= Lead single =

First single released from an album

A lead single (or first single) is the first single to be released from a studio album by an artist or a band, usually before the album itself is released and also occasionally on the same day of the album's release date.

A similar term, "debut single", is the first single released by a new artist.

==Release strategies==
Artists often choose songs that are more up-tempo, yet representative of the album's sound, as lead singles. Such songs are often catchier and attract the attention of listeners. The subsequent single might then be slower in tempo, in order to demonstrate the range of the album. Female vocalists like Mariah Carey and Christina Aguilera often maintain a formula of an up-tempo first lead single with a slow ballad follow-up. For example, two singles were released by Miley Cyrus before her album Bangerz – an up-tempo track, "We Can't Stop", was released as the first, and a slow-ballad song, "Wrecking Ball", as the second. However, not all artists decide to choose their lead single with the up-tempo criteria. Artists may release a lead single that has a message they want to convey to listeners instead of a song with more commercial potential, such as Fall Out Boy who chose to release "This Ain't a Scene, It's an Arms Race" over the radio-friendly "Thnks fr th Mmrs".

Japanese artists such as Ayumi Hamasaki, Namie Amuro and B'z may release four to eight singles before their albums to achieve record-breaking debut-week sales. The lead singles in Japan are very heavily advertised and promoted, in some cases even more than the album itself. With album sales continuously declining in the United States, record labels often release singles before the album's release date to online music retailers including iTunes, ranging in price from $0.99 to $1.29. This trend has become increasingly popular in many markets.
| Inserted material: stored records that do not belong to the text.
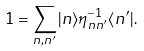Convert formula to latex. <formula><loc_0><loc_0><loc_500><loc_500>1 = \sum _ { n , n ^ { \prime } } | n \rangle \eta _ { n n ^ { \prime } } ^ { - 1 } \langle n ^ { \prime } | .</formula> 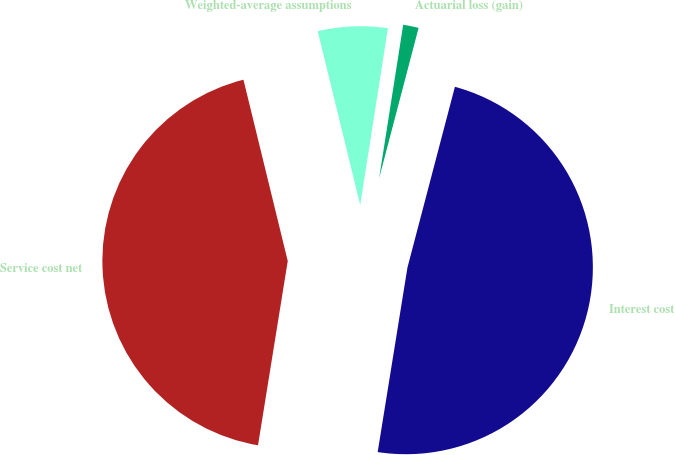Convert chart. <chart><loc_0><loc_0><loc_500><loc_500><pie_chart><fcel>Service cost net<fcel>Interest cost<fcel>Actuarial loss (gain)<fcel>Weighted-average assumptions<nl><fcel>43.64%<fcel>48.46%<fcel>1.61%<fcel>6.29%<nl></chart> 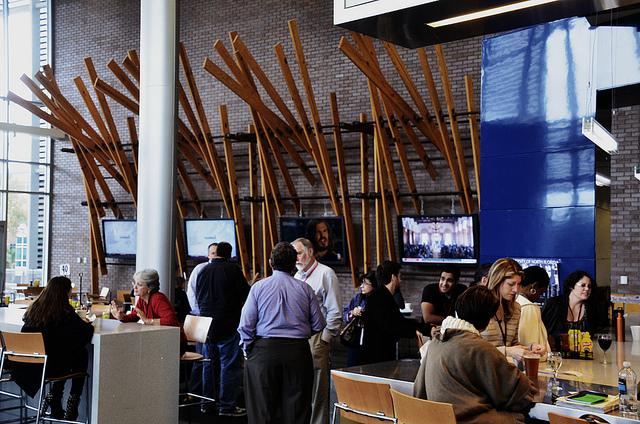What color is the wall?
Concise answer only. Blue. What does the name say on the blocks of wood?
Be succinct. Nothing. Are they enjoying themselves?
Keep it brief. Yes. Does it seem that some people are colder than others here?
Give a very brief answer. Yes. Are these people eating indoors?
Be succinct. Yes. How many bald men in this photo?
Keep it brief. 0.

In the late 2010s, artists began a trend of releasing multiple singles before eventually releasing a studio album. An unnamed A&R representative confirmed to Rolling Stone in 2018 that "an artist has
to build a foundation to sustain" and adding that "When artists have one big record and go run with that, it doesn't work because they never had a foundation to begin with." The same article cited examples such as Cardi B, Camila Cabello and Jason Derulo releasing four or more singles before their album releases.

==Pre-release single==

In the 2000s, a common trend developed to release a lead single months in advance of the album release date. It has equally become common for further singles to be released before the release of the album. For example, Usher issued the lead single "Love in This Club" four months before the May 29, 2008, release of Here I Stand. The second single "Love in This Club Part II" was released one month before the album release date. Another example is Justin Timberlake's 2013 album, The 20/20 Experience, which was released on March 19, 2013. The first single off it is "Suit & Tie", released two months before the album hit stores. One month before the release of the album, another single called "Mirrors" was released. Katy Perry released "California Gurls" as a single on May 7, 2010, and "Teenage Dream" on July 23, 2010, leading to the release of the album Teenage Dream on August 24, 2010. Ed Sheeran did something similar, releasing both "Shape of You" and "Castle on the Hill" as double lead singles from his album ÷, although these songs were both released on the same day, 6 January 2017. The 1995 Oasis single "Some Might Say" would go on to appear on the group's second album, (What's the Story) Morning Glory?, though at the time it was a standalone release, with "Roll with It" acting more as a lead single.

==Usage in South Korea==
In South Korean music, the term "title track" is sometimes used interchangeably with "lead single". The term is used to describe an album's main promoted song, usually released on the same day as the album and promoted on South Korean music programs. This term is used regardless of the song's title or whether or not it was the first single from an album to be released. For example, "Boom Boom Bass" is considered the title track from Riize's 2024 extended play Riizing despite not sharing a title with the EP, nor being the first single released from the album.